In order to understand not only the mathematics, but also the policy implications of discount rate assumptions, it is useful to run through some questions and exercises:
Discussion questions:
(1) A tree suitable for timber production takes about fifty years to grow; that's an increment of about 2 percent averaged over the period. It is easy to find other investments which yield at least five percent in real terms. Anyone would be a mutt to invest in timber, especially when there's an opportunity to sell twenty year old trees for pulpwood. Why do we still leave trees in the ground for another thirty years?
(2) In commercial activities risk is often associated with competitive factors; the more intense the competition the higher should be the risk premium. Government authorities need not apply such a premium, as they are often in monopoly situations, and, when it comes to the crunch, the government would never let them go broke. Is this correct logic?
Exercise
Until recently, the ACT Electricity and Water Authority offered ratepayers the choice of paying water and sewerage charges in one hit, with a five percent discount, in late September, or spreading the full amount over four equal payments in late September, late November, late January and late March (three payments of $102, and a fourth of $104). If you were a ratepayer in the ACT, which did you choose? If you were not an ACT ratepayer, which would you choose? Set up a model to find the value or penalty in early payment. (As a hint, it's quite valid to use partial years in calculating discount factors. N does not have to be an integer.) The spreadsheet is at ch09ex08.xls.
This exercise is typical of the sort of calculation used in business finance when comparing payment terms for major outlays. Scaled up to several million dollars, timing of payments can make a significant difference.
General References
Most accounting and finance texts have chapters on discounting. One comprehensive reference is Frank S Budnick Applied Mathematics for Business, Economics and the Social Sciences (McGraw Hill 1983)

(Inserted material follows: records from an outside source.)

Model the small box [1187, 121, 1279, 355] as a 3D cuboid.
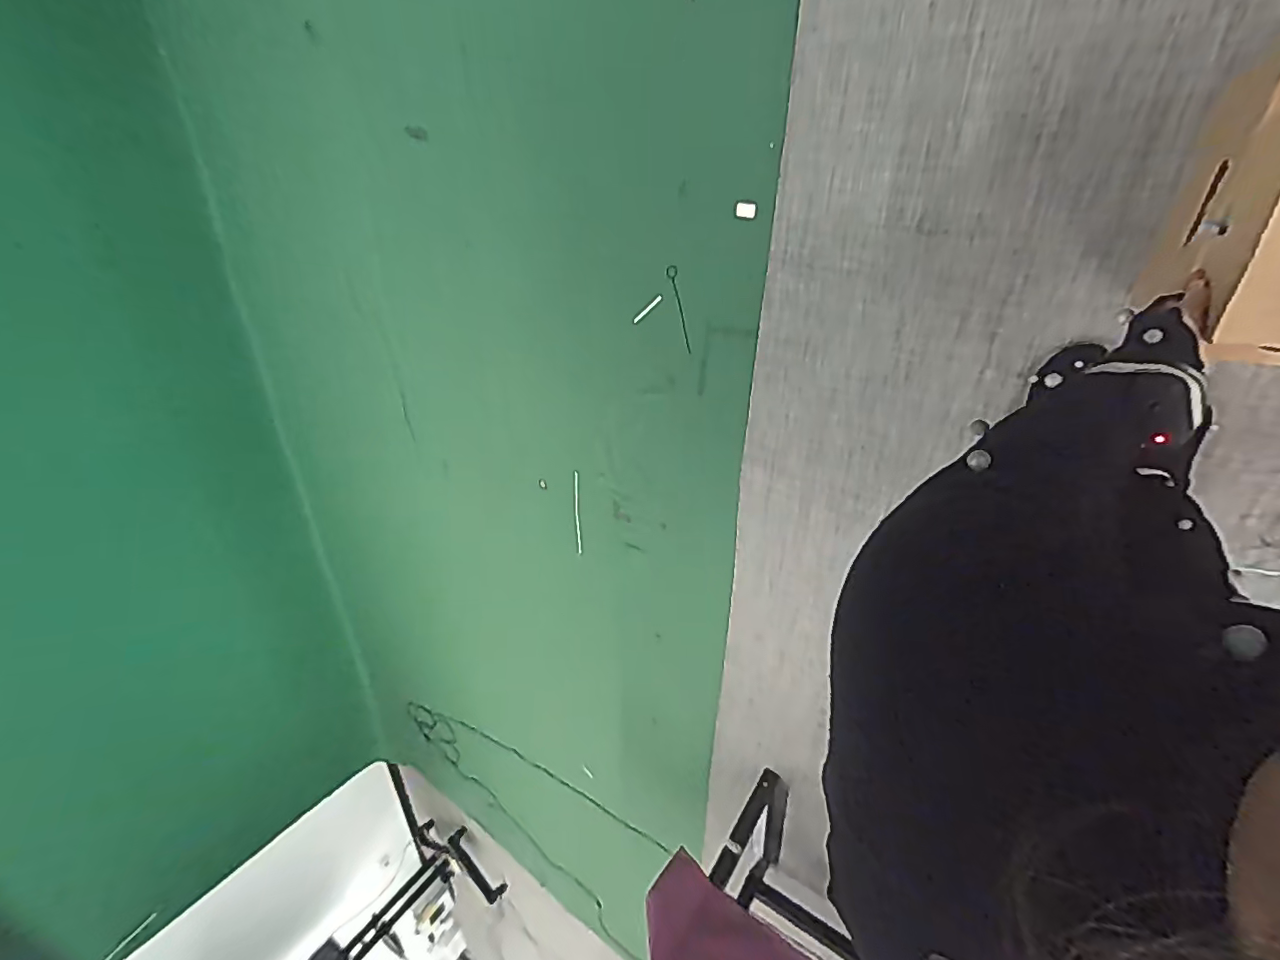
[{"bbox_3d":[0.611,-0.208,0.457,0.168,0.176,0.179,17,124,30],"label":"small box"}]
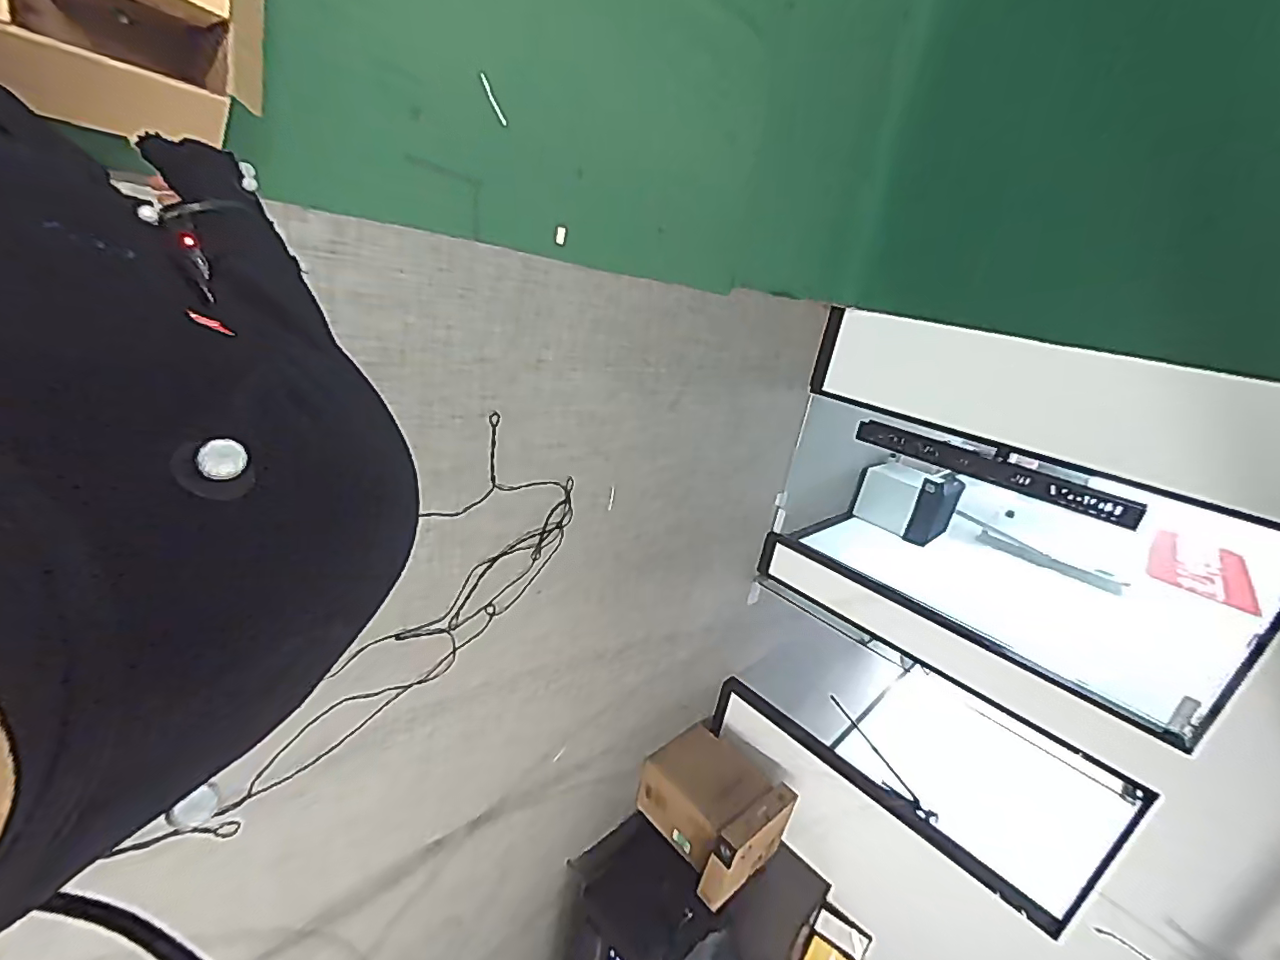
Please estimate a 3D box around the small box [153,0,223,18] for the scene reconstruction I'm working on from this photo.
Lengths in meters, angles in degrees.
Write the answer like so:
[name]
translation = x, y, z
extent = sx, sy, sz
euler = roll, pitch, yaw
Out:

Specific references and endnotes
1. Some writers use the symbol r, others the symbol i, which strictly equates to the specific entity interest. The term r, short for return, is more general, and can refer to return in the form of interest, dividends or capital gain on loan or equity investment. It can also refer to non-financial returns.
2. It is always arguable whether cash flows should be modelled as occurring at the end of each year, in the middle of each year, or at the beginning of each year. The models are not very sensitive to such variations; if a project does tip as a result of different treatment of cash flow timing within a year it was probably marginal in the first place.
3. This assumes that the last payment of A will come on our dying day - not a great way to organize our finances. We could use it for a funeral and wake. Alternatively we could work on a timing of (n-1).
4. The answer is $1.69547328124984 million, for those who enjoy precision.
5. This represents a minor simplification, in that the nominal rate comprises not only the real rate plus inflation, but also a cross product, being the combined effect of inflation and the real rate. This cross product is usually so small that it can be safely ignored. The inflation assumption is far from unambiguous - it relates to the inflationary expectation over the same period as the discount rate is chosen - thus to get a real discount rate from looking at a ten year Treasury bill, we would have to guess what inflationary expectation is built into that rate.